The EncryptionTree's two methods (encrypt and decrypt) method should not print anything; instead they should return values to the caller (driver) who can then print something.
Sample executables
Here are sample executables for you. When you design test cases, you can judge your output against the output from the correct solution. Here are the compiled solutions: If you give a command-line argument to these executables, they will print extra information about how they are exploring. For example, this will execute the program like normal, redirecting input from a file called my_input.txt:% project3_solution_dos.exe < my_input.txt
But here is the mode of operation that will cause the program to print out what it is doing in more detail:
% project3_solution_dos.exe printMore < my_input.txt
The command-line argument doesn't have to be the word "printMore", it can be anything.
Milestones
Since this is a large project, it helps to have a plan of attack.
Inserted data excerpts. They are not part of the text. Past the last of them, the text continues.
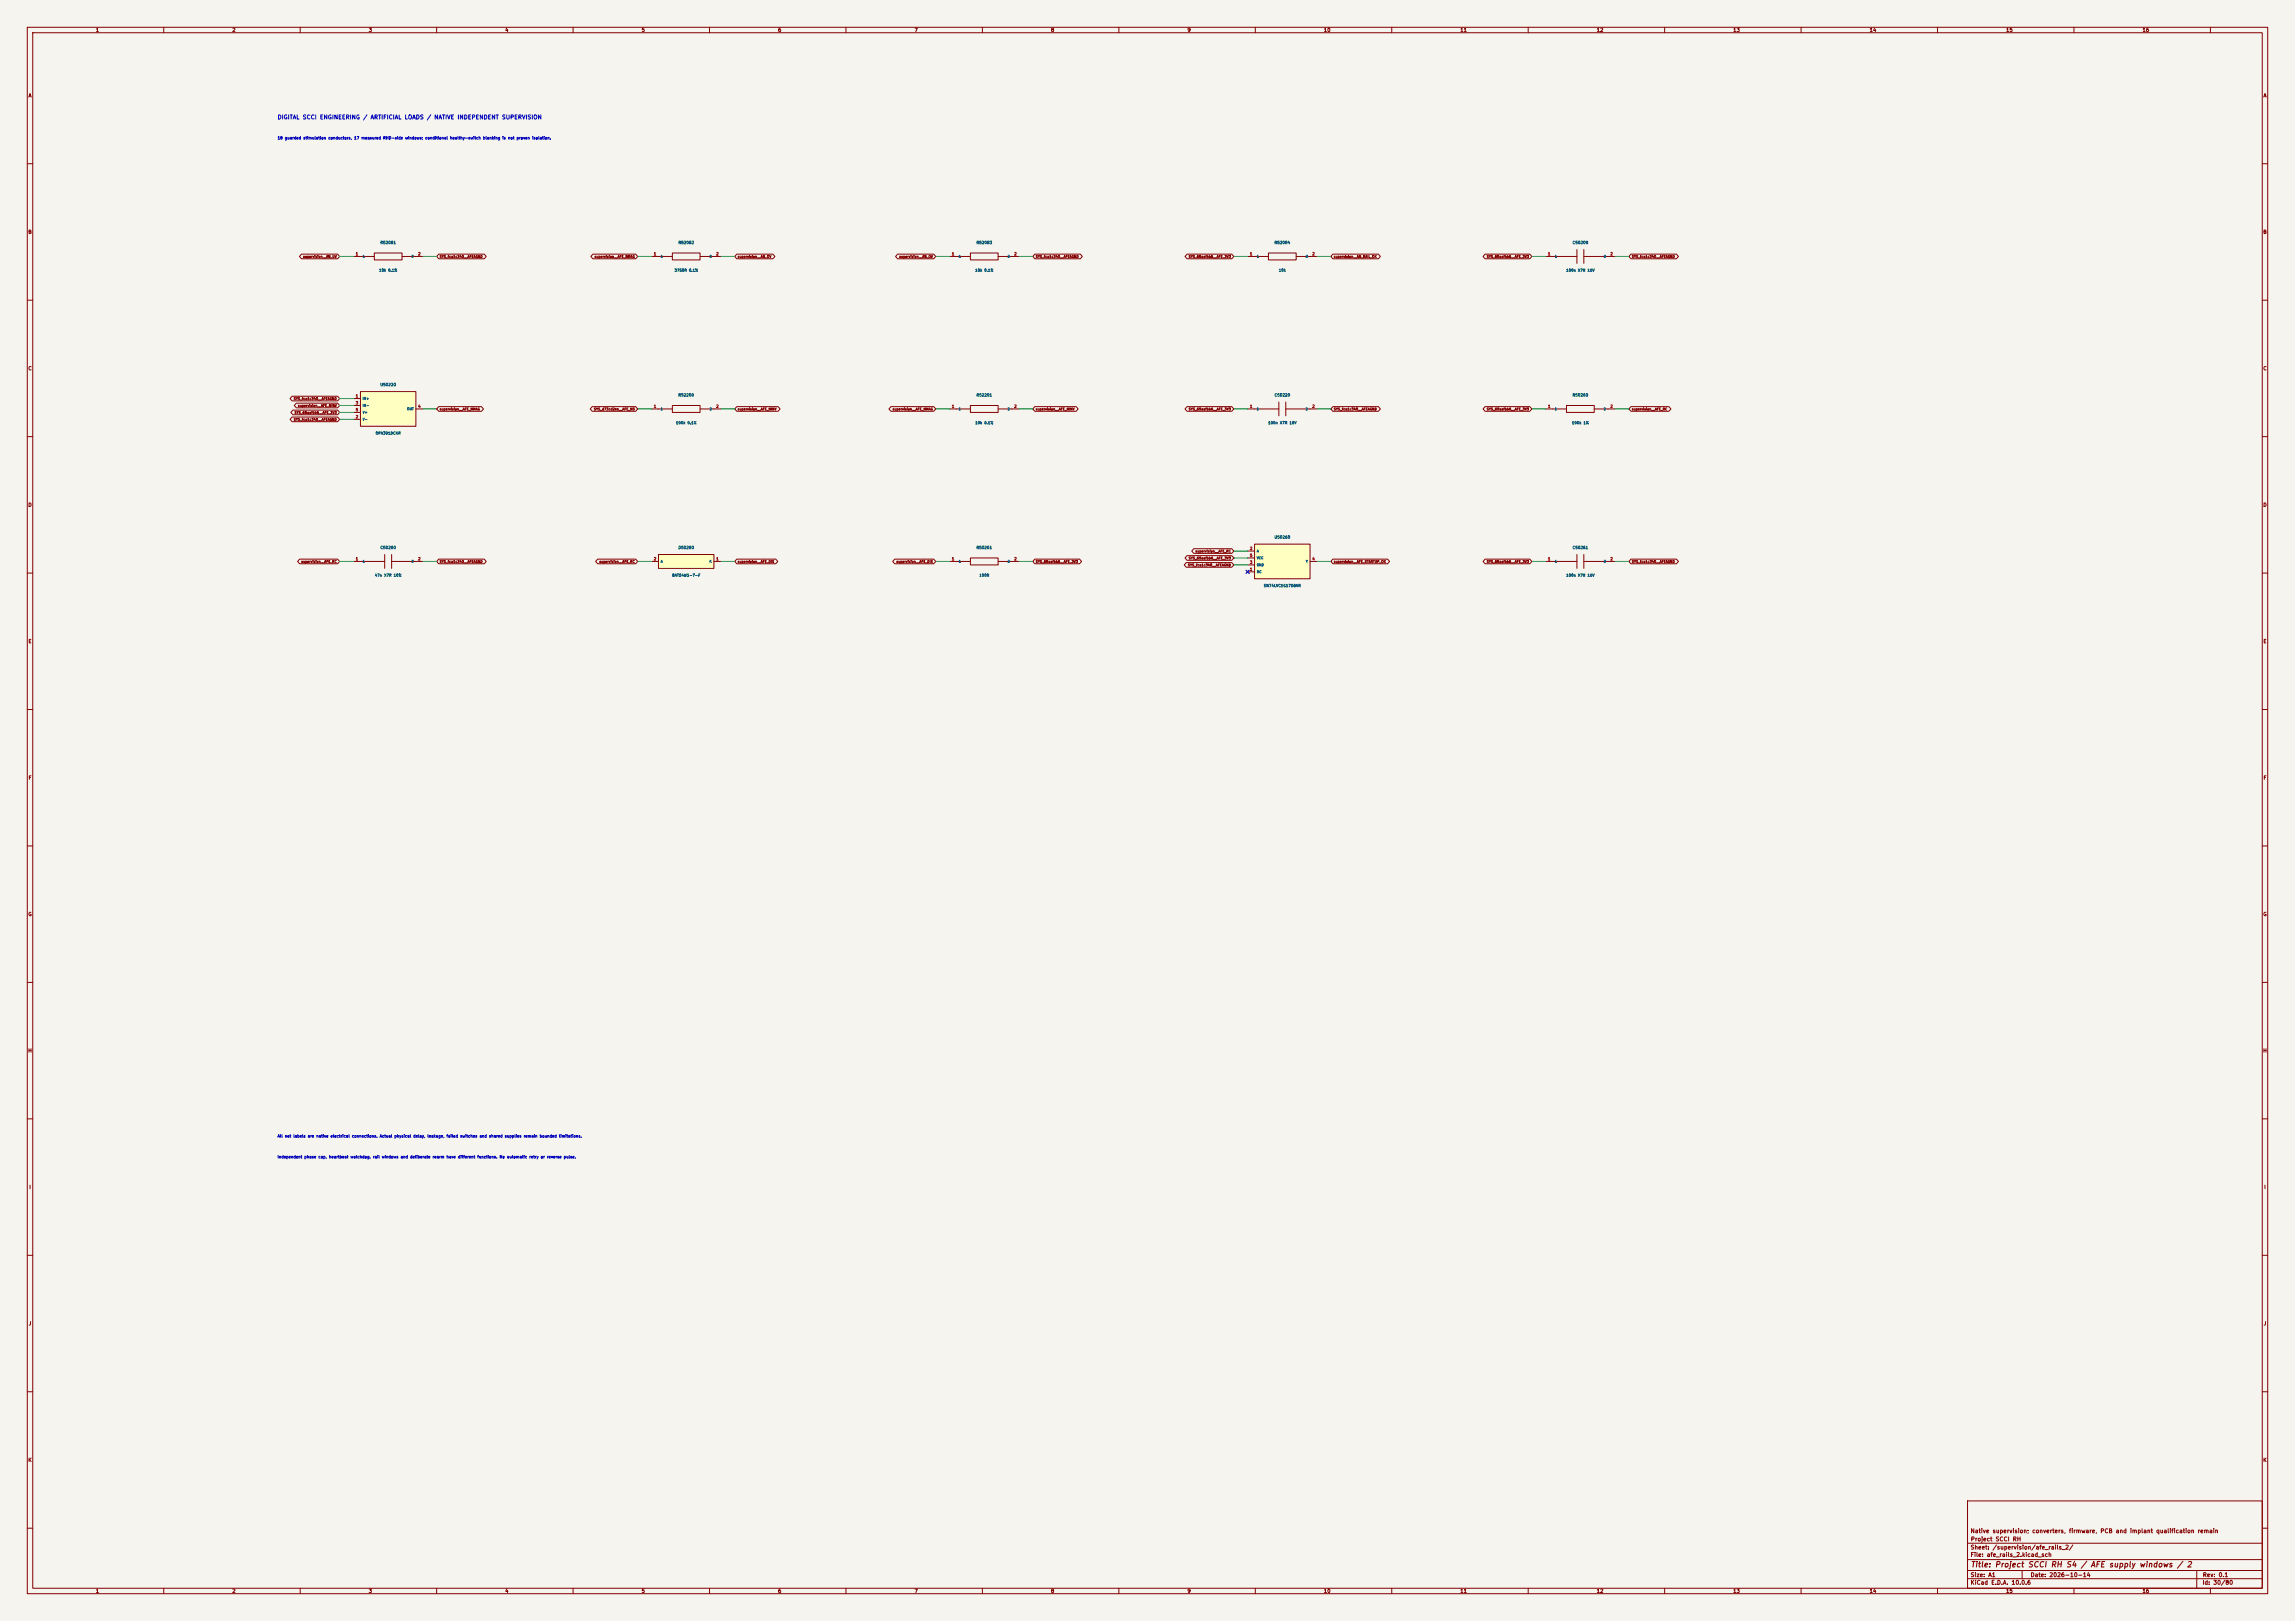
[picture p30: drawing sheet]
<svg xmlns="http://www.w3.org/2000/svg" width="841mm" height="594mm" viewBox="0 0 841 594" stroke-linecap="round" stroke-linejoin="round" font-family="sans-serif">
<defs><g id="words">
<text font-size="2" fill="#840000" x="722" y="574.8">Title: Project SCCI RH S4 / AFE supply windows / 2</text>
<text font-size="1.5" fill="#0000c2" x="101.6" y="44.1">DIGITAL SCCI ENGINEERING / ARTIFICIAL LOADS / NATIVE INDEPENDENT SUPERVISION</text>
<g font-size="1.5" fill="#840000">
<text x="721.9" y="562.1">Native supervision; converters, firmware, PCB and implant qualification remain</text>
<text x="721.9" y="568.1">Sheet: /supervision/afe_rails_2/</text>
<text x="722" y="565.1">Project SCCI RH</text>
<text x="721.9" y="570.8">File: afe_rails_2.kicad_sch</text>
<text x="721.9" y="581">KiCad E.D.A. 10.0.6</text>
<text x="721.9" y="578.2">Size: A1</text>
<text x="743.9" y="578.2">Date: 2026-10-14</text>
<text x="806.9" y="581">Id: 30/80</text>
<text x="807" y="578.2">Rev: 0.1</text>
</g>
<g font-size="1.3" fill="#840000">
<text x="35" y="12">1</text>
<text x="85" y="12">2</text>
<text x="135" y="12">3</text>
<text x="185" y="12">4</text>
<text x="235" y="12">5</text>
<text x="285" y="12">6</text>
<text x="335" y="12">7</text>
<text x="385" y="12">8</text>
<text x="435" y="12">9</text>
<text x="485" y="12">10</text>
<text x="535" y="12">11</text>
<text x="585" y="12">12</text>
<text x="635" y="12">13</text>
<text x="685" y="12">14</text>
<text x="735" y="12">15</text>
<text x="785" y="12">16</text>
<text x="10.3" y="36">A</text>
<text x="829.3" y="36">A</text>
<text x="10.2" y="86">B</text>
<text x="829.2" y="86">B</text>
<text x="10.2" y="136">C</text>
<text x="829.2" y="136">C</text>
<text x="10.2" y="186">D</text>
<text x="829.2" y="186">D</text>
<text x="10.3" y="236">E</text>
<text x="829.3" y="236">E</text>
<text x="10.3" y="286">F</text>
<text x="829.3" y="286">F</text>
<text x="10.2" y="336">G</text>
<text x="829.2" y="336">G</text>
<text x="10.2" y="386">H</text>
<text x="829.2" y="386">H</text>
<text x="10.6" y="436">I</text>
<text x="829.6" y="436">I</text>
<text x="10.4" y="486">J</text>
<text x="829.4" y="486">J</text>
<text x="10.2" y="536">K</text>
<text x="829.2" y="536">K</text>
<text x="35" y="584">1</text>
<text x="85" y="584">2</text>
<text x="135" y="584">3</text>
<text x="185" y="584">4</text>
<text x="235" y="584">5</text>
<text x="285" y="584">6</text>
<text x="335" y="584">7</text>
<text x="385" y="584">8</text>
<text x="435" y="584">9</text>
<text x="485" y="584">10</text>
<text x="535" y="584">11</text>
<text x="585" y="584">12</text>
<text x="635" y="584">13</text>
<text x="685" y="584">14</text>
<text x="735" y="584">15</text>
<text x="785" y="584">16</text>
</g>
<g font-size="1" fill="#0000c2">
<text x="101.6" y="51.3">18 guarded stimulation conductors, 17 measured RHD-side windows; conditional healthy-switch blanking is not proven isolation.</text>
<text x="101.6" y="417.1">All net labels are native electrical connections. Actual physical delay, leakage, failed switches and shared supplies remain bounded limitations.</text>
<text x="101.6" y="424.7">Independent phase cap, heartbeat watchdog, rail windows and deliberate rearm have different functions. No automatic retry or reverse pulse.</text>
</g>
<g font-size="1" fill="#006464">
<text x="139.3" y="89.7">R52081</text>
<text x="248.5" y="89.7">R52082</text>
<text x="357.7" y="89.7">R52083</text>
<text x="466.9" y="89.7">R52084</text>
<text x="576.1" y="89.7">C50208</text>
<text x="138.8" y="99.8">10k 0.1%</text>
<text x="247" y="99.8">3750R 0.1%</text>
<text x="357.3" y="99.8">10k 0.1%</text>
<text x="468.5" y="99.8">10k</text>
<text x="573.8" y="99.8">100n X7R 16V</text>
<text x="139.2" y="141.7">U50220</text>
<text x="248.5" y="145.5">R52200</text>
<text x="357.7" y="145.5">R52201</text>
<text x="466.9" y="145.5">C50220</text>
<text x="576.1" y="145.5">R50260</text>
<text x="247.6" y="155.7">100k 0.1%</text>
<text x="357.3" y="155.7">10k 0.1%</text>
<text x="464.6" y="155.7">100n X7R 16V</text>
<text x="575.9" y="155.7">100k 1%</text>
<text x="137.5" y="159.5">OPA391DCKR</text>
<text x="466.9" y="197.6">U50260</text>
<text x="139.3" y="201.4">C50260</text>
<text x="248.5" y="201.4">D50260</text>
<text x="357.7" y="201.4">R50261</text>
<text x="576.1" y="201.4">C50261</text>
<text x="137.3" y="211.5">47n X7R 10%</text>
<text x="246.2" y="211.5">BAT54WS-7-F</text>
<text x="358.8" y="211.5">100R</text>
<text x="463" y="215.3">SN74LVC1G17DBVR</text>
<text x="573.8" y="211.5">100n X7R 16V</text>
</g>
<g font-size="1" fill="#a90000">
<text x="130.2" y="93.8">1</text>
<text x="153.1" y="93.8">2</text>
<text x="239.5" y="93.8">1</text>
<text x="262.3" y="93.8">2</text>
<text x="348.7" y="93.8">1</text>
<text x="371.5" y="93.8">2</text>
<text x="457.9" y="93.8">1</text>
<text x="480.8" y="93.8">2</text>
<text x="567.1" y="93.8">1</text>
<text x="590" y="93.8">2</text>
<text x="130.2" y="145.9">1</text>
<text x="130.2" y="148.4">3</text>
<text x="153.1" y="149.7">4</text>
<text x="239.5" y="149.7">1</text>
<text x="262.3" y="149.7">2</text>
<text x="348.7" y="149.7">1</text>
<text x="371.5" y="149.7">2</text>
<text x="457.9" y="149.7">1</text>
<text x="480.8" y="149.7">2</text>
<text x="567.1" y="149.7">1</text>
<text x="590" y="149.7">2</text>
<text x="130.2" y="153.5">2</text>
<text x="130.2" y="150.9">5</text>
<text x="457.9" y="201.7">2</text>
<text x="130.2" y="205.6">1</text>
<text x="153.1" y="205.6">2</text>
<text x="239.5" y="205.6">2</text>
<text x="262.3" y="205.6">1</text>
<text x="348.7" y="205.6">1</text>
<text x="371.5" y="205.6">2</text>
<text x="457.9" y="209.4">1</text>
<text x="457.9" y="206.8">3</text>
<text x="457.9" y="204.3">5</text>
<text x="480.8" y="205.6">4</text>
<text x="567.1" y="205.6">1</text>
<text x="590" y="205.6">2</text>
</g>
<g font-size=".9" fill="#840000">
<text x="111" y="94.7">supervision__AN_UV</text>
<text x="161" y="94.7">SYS_fca1c340__AFEAGND</text>
<text x="217.8" y="94.7">supervision__AFE_NMAG</text>
<text x="270.2" y="94.7">supervision__AN_OV</text>
<text x="329.4" y="94.7">supervision__AN_OV</text>
<text x="379.4" y="94.7">SYS_fca1c340__AFEAGND</text>
<text x="435.5" y="94.7">SYS_65aafbb6__AFE_3V3</text>
<text x="488.7" y="94.7">supervision__AN_RAIL_OK</text>
<text x="544.7" y="94.7">SYS_65aafbb6__AFE_3V3</text>
<text x="597.9" y="94.7">SYS_fca1c340__AFEAGND</text>
<text x="107.5" y="146.8">SYS_fca1c340__AFEAGND</text>
<text x="109.1" y="149.3">supervision__AFE_NINV</text>
<text x="107.5" y="154.4">SYS_fca1c340__AFEAGND</text>
<text x="107.8" y="151.8">SYS_65aafbb6__AFE_3V3</text>
<text x="161" y="150.6">supervision__AFE_NMAG</text>
<text x="217.5" y="150.6">SYS_d73cd2ee__AFE_N5</text>
<text x="270.2" y="150.6">supervision__AFE_NINV</text>
<text x="327" y="150.6">supervision__AFE_NMAG</text>
<text x="379.4" y="150.6">supervision__AFE_NINV</text>
<text x="435.5" y="150.6">SYS_65aafbb6__AFE_3V3</text>
<text x="488.7" y="150.6">SYS_fca1c340__AFEAGND</text>
<text x="544.7" y="150.6">SYS_65aafbb6__AFE_3V3</text>
<text x="597.9" y="150.6">supervision__AFE_RC</text>
<text x="437.9" y="202.6">supervision__AFE_RC</text>
<text x="110.3" y="206.4">supervision__AFE_RC</text>
<text x="161" y="206.4">SYS_fca1c340__AFEAGND</text>
<text x="219.5" y="206.4">supervision__AFE_RC</text>
<text x="270.2" y="206.4">supervision__AFE_DIS</text>
<text x="328.4" y="206.4">supervision__AFE_DIS</text>
<text x="379.4" y="206.4">SYS_65aafbb6__AFE_3V3</text>
<text x="435.2" y="207.7">SYS_fca1c340__AFEAGND</text>
<text x="435.5" y="205.2">SYS_65aafbb6__AFE_3V3</text>
<text x="488.7" y="206.4">supervision__AFE_STARTUP_OK</text>
<text x="544.7" y="206.4">SYS_65aafbb6__AFE_3V3</text>
<text x="597.9" y="206.4">SYS_fca1c340__AFEAGND</text>
</g>
<g font-size=".9" fill="#006464">
<text x="132.8" y="94.6">1</text>
<text x="150.7" y="94.6">2</text>
<text x="242" y="94.6">1</text>
<text x="259.9" y="94.6">2</text>
<text x="351.2" y="94.6">1</text>
<text x="369.1" y="94.6">2</text>
<text x="460.5" y="94.6">1</text>
<text x="478.4" y="94.6">2</text>
<text x="569.7" y="94.6">1</text>
<text x="587.6" y="94.6">2</text>
<text x="132.8" y="146.7">IN+</text>
<text x="132.8" y="149.2">IN-</text>
<text x="132.8" y="154.3">V-</text>
<text x="132.8" y="151.8">V+</text>
<text x="149.1" y="150.5">OUT</text>
<text x="242" y="150.5">1</text>
<text x="259.9" y="150.5">2</text>
<text x="351.2" y="150.5">1</text>
<text x="369.1" y="150.5">2</text>
<text x="460.5" y="150.5">1</text>
<text x="478.4" y="150.5">2</text>
<text x="569.7" y="150.5">1</text>
<text x="587.6" y="150.5">2</text>
<text x="460.5" y="202.6">A</text>
<text x="132.8" y="206.4">1</text>
<text x="150.7" y="206.4">2</text>
<text x="242" y="206.4">A</text>
<text x="259.9" y="206.4">K</text>
<text x="351.2" y="206.4">1</text>
<text x="369.1" y="206.4">2</text>
<text x="460.5" y="207.7">GND</text>
<text x="460.5" y="205.1">VCC</text>
<text x="478.4" y="206.4">Y</text>
<text x="569.7" y="206.4">1</text>
<text x="587.6" y="206.4">2</text>
<text x="460.5" y="210.2">NC</text>
</g>
</g></defs>
<path d="M0 0h841v594h-841z" fill="#f5f4ef" stroke="#f5f4ef" stroke-width=".37"/>
<g fill="none" stroke="#840000" stroke-width=".37">
<path d="M10 10h821v574h-821zM12 12h817v570h-817zM60 10v2M110 10v2M160 10v2M210 10v2M260 10v2M310 10v2M360 10v2M410 10v2M460 10v2M510 10v2"/>
<path d="M560 10v2M610 10v2M660 10v2M710 10v2M760 10v2M810 10v2M10 60h2M829 60h2M238.8 94h7.6M246.4 92.7h10.1v2.5h-10.1zM256.5 94h7.7M10 110h2"/>
<path d="M829 110h2M10 160h2M829 160h2M10 210h2M829 210h2M10 260h2M829 260h2M10 310h2M829 310h2M10 360h2M829 360h2M10 410h2"/>
<path d="M829 410h2M10 460h2M829 460h2M10 510h2M829 510h2M10 560h2M721 550h108v32h-108zM829 560h2M721 578.5h108M721 575.5h108M721 571.5h108M721 565.5h108"/>
<path d="M741 575.5v3M805 575.5v6.5M60 582v2M110 582v2M160 582v2M210 582v2M260 582v2M310 582v2M360 582v2M410 582v2M460 582v2M510 582v2"/>
<path d="M560 582v2M610 582v2M660 582v2M710 582v2M760 582v2M810 582v2"/>
</g>
<path d="M241.3 203.2h20.3v5.1h-20.3z" fill="#ffffc2"/>
<g fill="none" stroke="#840000" stroke-width=".37">
<path d="M129.5 94h7.7M137.2 92.7h10.1v2.5h-10.1zM147.3 94h7.6M457.2 94h7.6M464.8 92.7h10.2v2.5h-10.2zM475 94h7.6M348 149.9h7.6M355.6 148.6h10.2v2.5h-10.2zM365.8 149.9h7.6M566.4 149.9h7.6M574 148.6h10.2v2.5h-10.2zM584.2 149.9h7.6"/>
<path d="M129.5 205.7h11.5M141 203.2v5.1M143.5 205.7h11.4M143.5 203.2v5.1M238.8 205.7h2.5M241.3 203.2h20.3v5.1h-20.3zM261.6 205.7h2.6M348 205.7h7.6M355.6 204.5h10.2v2.5h-10.2zM365.8 205.7h7.6"/>
</g>
<path d="M132.1 143.5h20.3v12.7h-20.3z" fill="#ffffc2"/>
<g fill="none" stroke="#840000" stroke-width=".37">
<path d="M566.4 94h11.4M577.8 91.4v5.1M580.4 94h11.4M580.4 91.4v5.1M129.5 146h2.6M129.5 153.7h2.6M129.5 148.6h2.6M129.5 151.1h2.6M132.1 143.5h20.3v12.7h-20.3zM152.4 149.9h2.5M457.2 149.9h11.4M468.6 147.3v5.1"/>
<path d="M471.2 149.9h11.4M471.2 147.3v5.1"/>
</g>
<path d="M459.7 199.4h20.4v12.7h-20.4z" fill="#ffffc2"/>
<g fill="none" stroke="#840000" stroke-width=".37">
<path d="M110.5 93.1h13.2l.8 .9-.8 .8h-13.2l-.8-.8zM160.8 93.1h16.6l.8 .9-.8 .8h-16.6l-.8-.8zM217.3 93.1h15.6l.8 .9-.8 .8h-15.6l-.8-.8zM270 93.1h13.2l.8 .9-.8 .8h-13.2l-.8-.8zM328.9 93.1h13.3l.7 .9-.7 .8h-13.3l-.7-.8zM348 94h7.6M355.6 92.7h10.2v2.5h-10.2zM365.8 94h7.6M379.2 93.1h16.7l.7 .9-.7 .8h-16.7l-.7-.8zM435 93.1h16.4l.7 .9-.7 .8h-16.4l-.8-.8zM488.4 93.1h16.7l.7 .9-.7 .8h-16.7l-.7-.8zM544.2 93.1h16.4l.7 .9-.7 .8h-16.4l-.7-.8z"/>
<path d="M597.6 93.1h16.7l.8 .9-.8 .8h-16.7l-.7-.8zM107 145.2h16.7l.8 .8-.8 .9h-16.7l-.7-.9zM107 152.8h16.7l.8 .9-.8 .8h-16.7l-.7-.8zM107.3 150.3h16.4l.8 .8-.8 .9h-16.4l-.7-.9zM108.6 147.7h15.1l.8 .9-.8 .8h-15.1l-.8-.8zM160.8 149h15.6l.8 .9-.8 .8h-15.6l-.8-.8zM217 149h15.9l.8 .9-.8 .8h-15.9l-.7-.8zM238.8 149.9h7.6M246.4 148.6h10.1v2.5h-10.1zM256.5 149.9h7.7M270 149h15.1l.8 .9-.8 .8h-15.1l-.8-.8zM326.5 149h15.7l.7 .9-.7 .8h-15.7l-.8-.8z"/>
<path d="M379.2 149h15.1l.8 .9-.8 .8h-15.1l-.7-.8zM435 149h16.4l.7 .9-.7 .8h-16.4l-.8-.8zM488.4 149h16.7l.7 .9-.7 .8h-16.7l-.7-.8zM544.2 149h16.4l.7 .9-.7 .8h-16.4l-.7-.8zM597.6 149h14l.7 .9-.7 .8h-14l-.7-.8zM459.7 199.4h20.4v12.7h-20.4zM109.8 204.9h13.9l.8 .8-.8 .9h-13.9l-.8-.9zM160.8 204.9h16.6l.8 .8-.8 .9h-16.6l-.8-.9zM219 204.9h13.9l.8 .8-.8 .9h-13.9l-.7-.9zM270 204.9h14.3l.7 .8-.7 .9h-14.3l-.8-.9zM327.9 204.9h14.3l.7 .8-.7 .9h-14.3l-.8-.9zM379.2 204.9h16.4l.7 .8-.7 .9h-16.4l-.7-.9z"/>
<path d="M434.7 206.2h16.7l.7 .8-.7 .9h-16.7l-.7-.9zM435 203.6h16.4l.7 .9-.7 .8h-16.4l-.8-.8zM437.4 201.1h14l.7 .8-.7 .9h-14l-.7-.9zM456.8 209.2l.8 .7M457.2 209.5h2.5M457.2 201.9h2.5M457.2 207h2.5M457.2 204.5h2.5M457.6 209.2l-.8 .7M480.1 205.7h2.5M488.4 204.9h20.1l.7 .8-.7 .9h-20.1l-.7-.9zM544.2 204.9h16.4l.7 .8-.7 .9h-16.4l-.7-.9z"/>
<path d="M566.4 205.7h11.4M577.8 203.2v5.1M580.4 205.7h11.4M580.4 203.2v5.1M597.6 204.9h16.7l.8 .8-.8 .9h-16.7l-.7-.9z"/>
</g>
<g fill="none" stroke="#009600" stroke-width=".37">
<path d="M124.5 94h5M154.9 94h5.1M233.7 94h5.1M264.2 94h5M342.9 94h5.1M373.4 94h5.1M452.1 94h5.1M482.6 94h5.1M561.3 94h5.1M591.8 94h5.1M124.5 151.1h5M124.5 146h5"/>
<path d="M124.5 148.6h5M124.5 153.7h5M154.9 149.9h5.1M233.7 149.9h5.1M264.2 149.9h5M342.9 149.9h5.1M373.4 149.9h5.1M452.1 149.9h5.1M482.6 149.9h5.1M561.3 149.9h5.1M591.8 149.9h5.1M124.5 205.7h5"/>
<path d="M154.9 205.7h5.1M233.7 205.7h5.1M264.2 205.7h5M342.9 205.7h5.1M373.4 205.7h5.1M452.1 201.9h5.1M452.1 204.5h5.1M452.1 207h5.1M482.6 205.7h5.1M561.3 205.7h5.1M591.8 205.7h5.1"/>
</g>
<path d="M456.6 208.9l1.2 1.3M457.8 208.9l-1.2 1.3" fill="none" stroke="#000084" stroke-width=".37"/>
<use href="#words"/>
</svg>

The following milestones will not be turned in nor graded, however, I strongly recommend that you do them for your own good and at the suggested pace.
Step | Finish by | Milestone |
---|---|---|
1. | Thursday a.p. | WRITE and TEST all the unfinished methods in the BSTNode. |
2. | Monday w.a.p. | WRITE and TEST the BST insert method, and the encrypt and decrypt methods in the EncryptionTree. |
3. | Wednesday w.a.p. | WRITE and TEST the BST remove method and the project driver. Finish early so you have time to debug. |
Use your book. Your book has code for writing a binary search tree, but your code will be fairly different, since the book uses recursion but your code will mostly not use recursion. However, you should read and understand the code in the book first.
Final notes
Remember when writing this program to adhere to the coding style guidelines. This is an individual project, so you must work alone. No credit will be given for a solution which does not pass all the hidden tests I create, or does not pass in the allowed time. For more detailed instructions, read the project submission guidelines.